Despite last-minute changes to the package to further preserve early weekend voting, “this bill continues to be nothing but voter suppression,” said Cliff Albright, the co-founder from the Black Voters Matter Fund. “The recent changes are nothing more than putting some makeup and cologne on Jim Crow.”
His group is planning a rally at the Georgia Chamber of Commerce headquarters in Atlanta on Monday to pressure companies to oppose the package, as part of a planned week of action.
High stakes
Georgia, a battlefield state, is at the forefront of efforts by the country’s Republican-controlled legislatures to impose tough new restrictions on voting. Georgia’s proposed voting limits come ahead of high-stakes races for governor and the U.S. Senate next year.
A February tally by the liberal-leaning Brennan Center for Justice followed bills that would restrict voting in 43 states. More states have joined the list since then, with new bills recently landing in North Carolina and Wisconsin.
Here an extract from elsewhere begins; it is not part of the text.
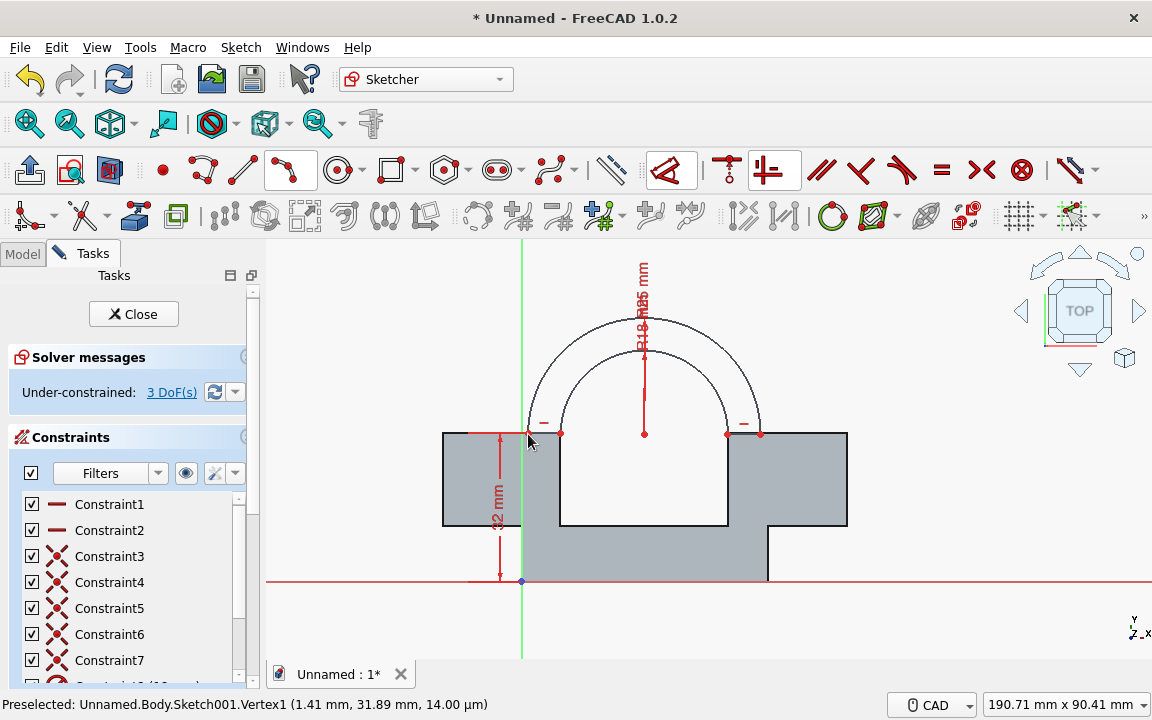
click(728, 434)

Republican lawmakers across the state have gone out of their way as needed to shore up a system battered by fraud allegations. A preamble to the House bill said it was designed “to address voters’ lack of confidence in the electoral system on all sides of the political spectrum” and to promote “uniformity of the vote.”
Voting rights activists say the planned measures would limit access to the ballot for large sections of Georgia’s increasingly diverse population.
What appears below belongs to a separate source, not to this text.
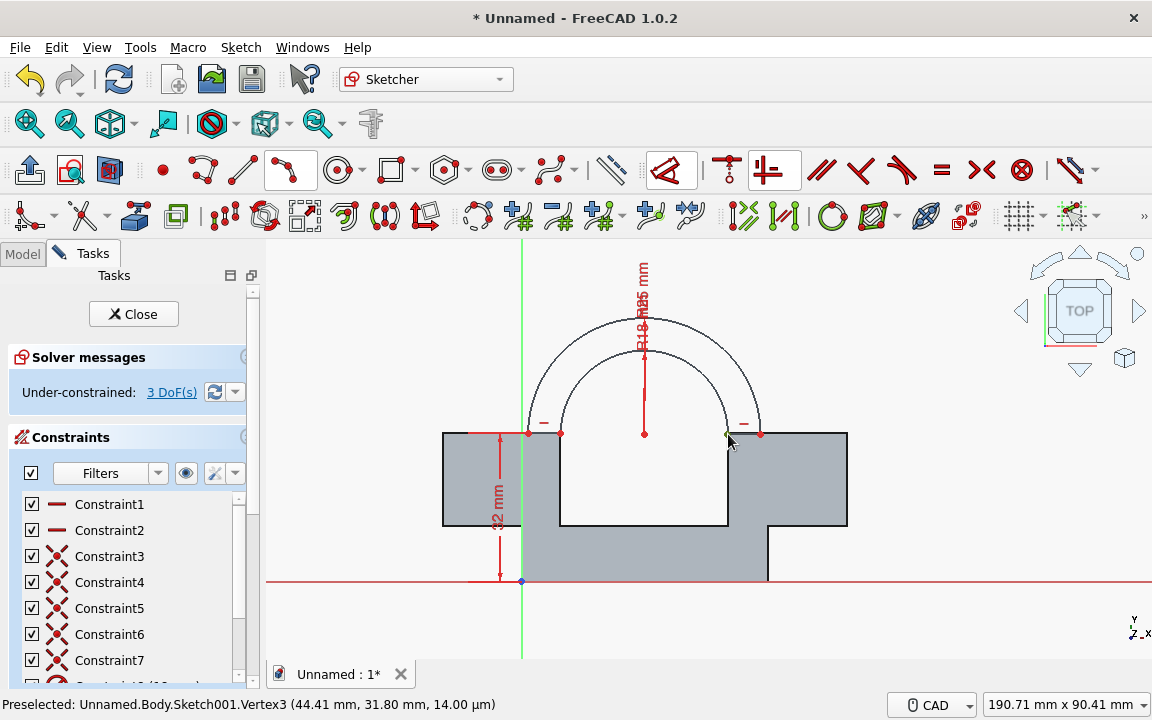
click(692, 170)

Aunna Dennis, executive director of Common Cause Georgia, said identity requirements for obtaining mail-in ballots would hurt older voters, those on low incomes and students as they are all less likely to have a. driver’s license or other forms of identification required, such as passports or a state or federal photo ID.
The Georgia House bill would require voters to provide their driver’s license numbers or state identification numbers and other identifying information, such as their date of birth, on ballots.
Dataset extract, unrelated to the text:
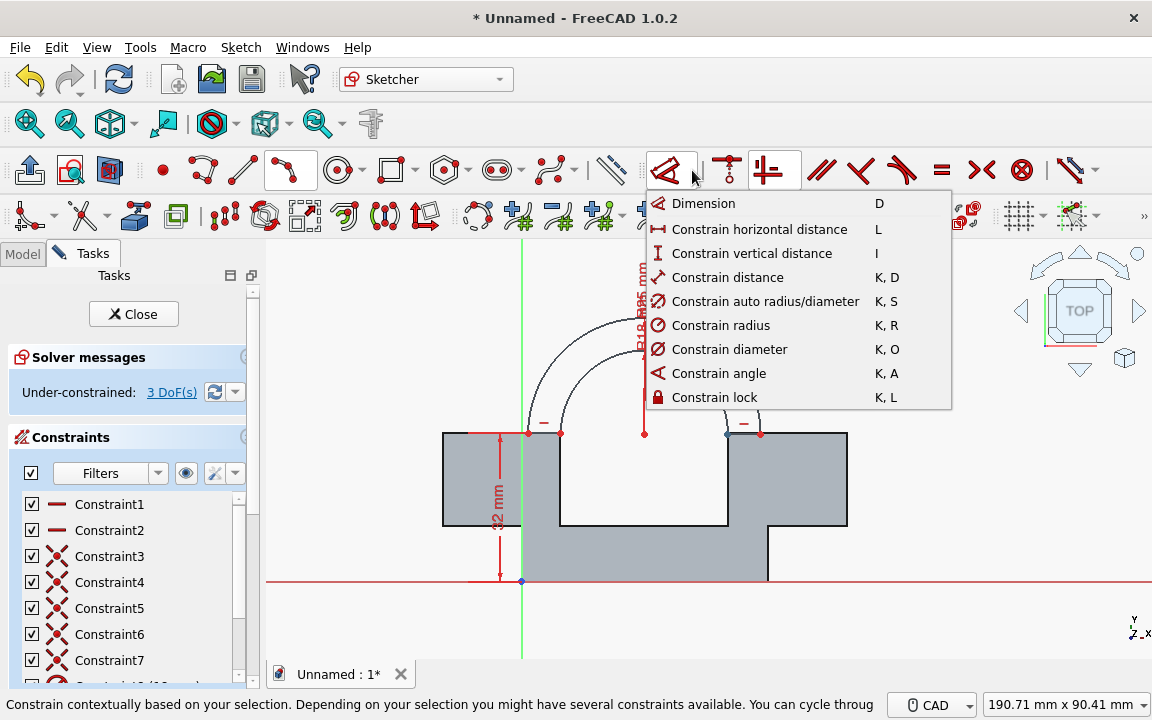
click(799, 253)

Georgia Republicans “say the vote should be for the 1% and … for the privileged,” Dennis told CNN.
Last minute changes
In recent days, Georgian lawmakers have backed down on a provision that critics say unfairly targeted black voters. Republicans now say they plan to preserve Sunday’s early voting as part of the omnibus voting package the House committee will consider this week. The change under discussion would specifically allow Georgians to vote two Sundays during the state’s early voting window. A previous bill aimed to allow only one optional voting day on Sunday.
Fleming’s office did not immediately respond to the request for comment. At a meeting last month, Fleming said the bills aim to resolve the “controversy” surrounding the recent election.
Georgia Republican Senator Max Burns, who chairs the Senate Election Bill Panel, drafted a companion bill, which was released on Friday afternoon. His committee is expected to resume it on Monday with a vote on Tuesday, Burns told CNN.
In a meeting on Wednesday, Burns said his version “would address some of the issues and some of the challenges that we have.” He did not respond to a request for comment over the weekend.
New powers
Both measures give state legislators greater authority over elections.
A provision of the House bill launches the elected secretary of state as chairman of the state election board. The General Assembly would choose the new president, giving lawmakers three out of five appointments to the board.
The House package would also grant the state election council the right to suspend both local election superintendents and local election boards and appoint a new official to step in as temporary superintendent.
Voting rights activists say this goes against the tradition of local control and could lead to a scenario in which state officials intervene to prevent a county from certifying its election results.
“Imagine if they had that power in the last election,” Albright said of the new authority envisaged by the Georgia package. “This is the provision that can take precedence over all others in this bill.”